Inspired
Basic to all that may be believed and spoken about God’s word is the truth that it is “inspired.”
The declaration of 2 Timothy 3:16 is, “All Scripture is given by inspiration of God” — literally “God-breathed.” Second Peter 1:20–21 elaborates: “Above all, you must understand that no prophecy of Scripture came about by the prophet’s own interpretation of things. For prophecy never had its origin in the human will, but prophets, though human, spoke from God as they were carried along by the Holy Spirit.”
Divine-human collaboration
The Bible is uniquely the result of a combination of the divine activity of the Holy Spirit and the human instrument of the writers. The result of this divine-human collaboration is a sacred book that came into being by the supernatural activity of the Holy Spirit upon divinely selected men, by which the Spirit through the vocabularies and personalities of those men resulted in writings that are truthful, trustworthy and authoritative.
For example, David, who penned many of the psalms, declared, “The Spirit of the Lord spoke by me, and His word was on my tongue” (2 Sam. 23:2). With even higher authority, Jesus spoke of God’s written word as a “word that proceeds from the mouth of God” (Matt. 4:4).
Even so, Jesus attested the inspired writings of David with His declaration to the Pharisees, “How is it then that David, speaking by the Spirit, calls him ‘Lord’?” (Matt. 22:43)
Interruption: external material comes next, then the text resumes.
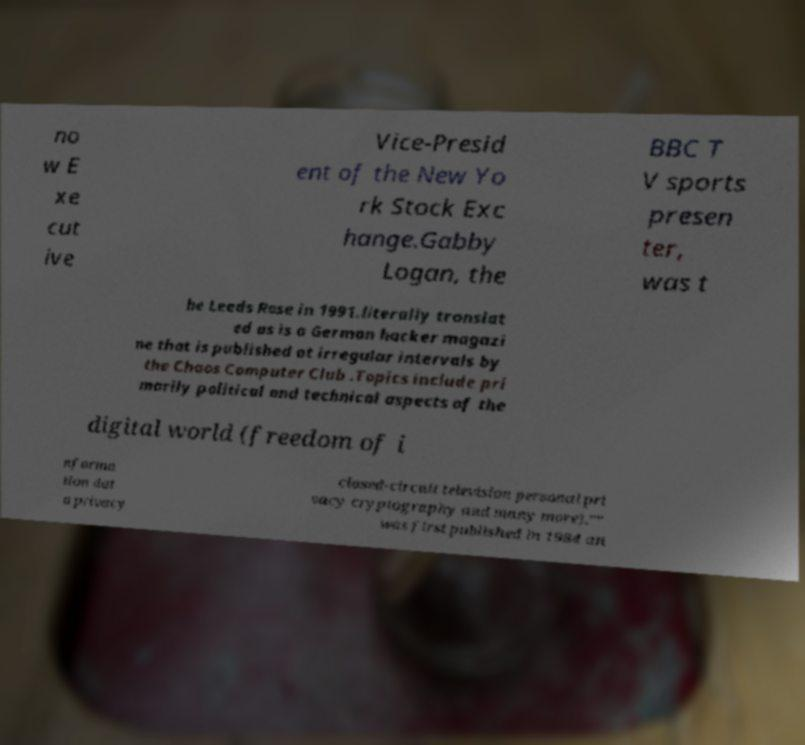Can you accurately transcribe the text from the provided image for me? no w E xe cut ive Vice-Presid ent of the New Yo rk Stock Exc hange.Gabby Logan, the BBC T V sports presen ter, was t he Leeds Rose in 1991.literally translat ed as is a German hacker magazi ne that is published at irregular intervals by the Chaos Computer Club .Topics include pri marily political and technical aspects of the digital world (freedom of i nforma tion dat a privacy closed-circuit television personal pri vacy cryptography and many more)."" was first published in 1984 an

As an inspired book, the word of God “is living and powerful, and sharper than any two-edged sword, piercing even to the division of soul and spirit, and of joints and marrow, and is a discerner of the thoughts and intents of the heart” (Heb. 4:12).
An aspect of this inspired book is that although it proclaims itself to be the word of God, it is also the words of men.
God in His infinite grace chose to communicate with human beings by using human words.
The Bible’s divine inspiration assures us that it had a divine source. By His activity of inspiring its writing, God superseded the adage, “To err is human.”
Being both a divine and a human book, God’s word is without error.
To be sure, the human writers God used in producing His word were not perfect. But God, in His grace and power, was able to produce a perfect book through a variety of imperfect human instruments, just as a straight line can be drawn by a crooked stick.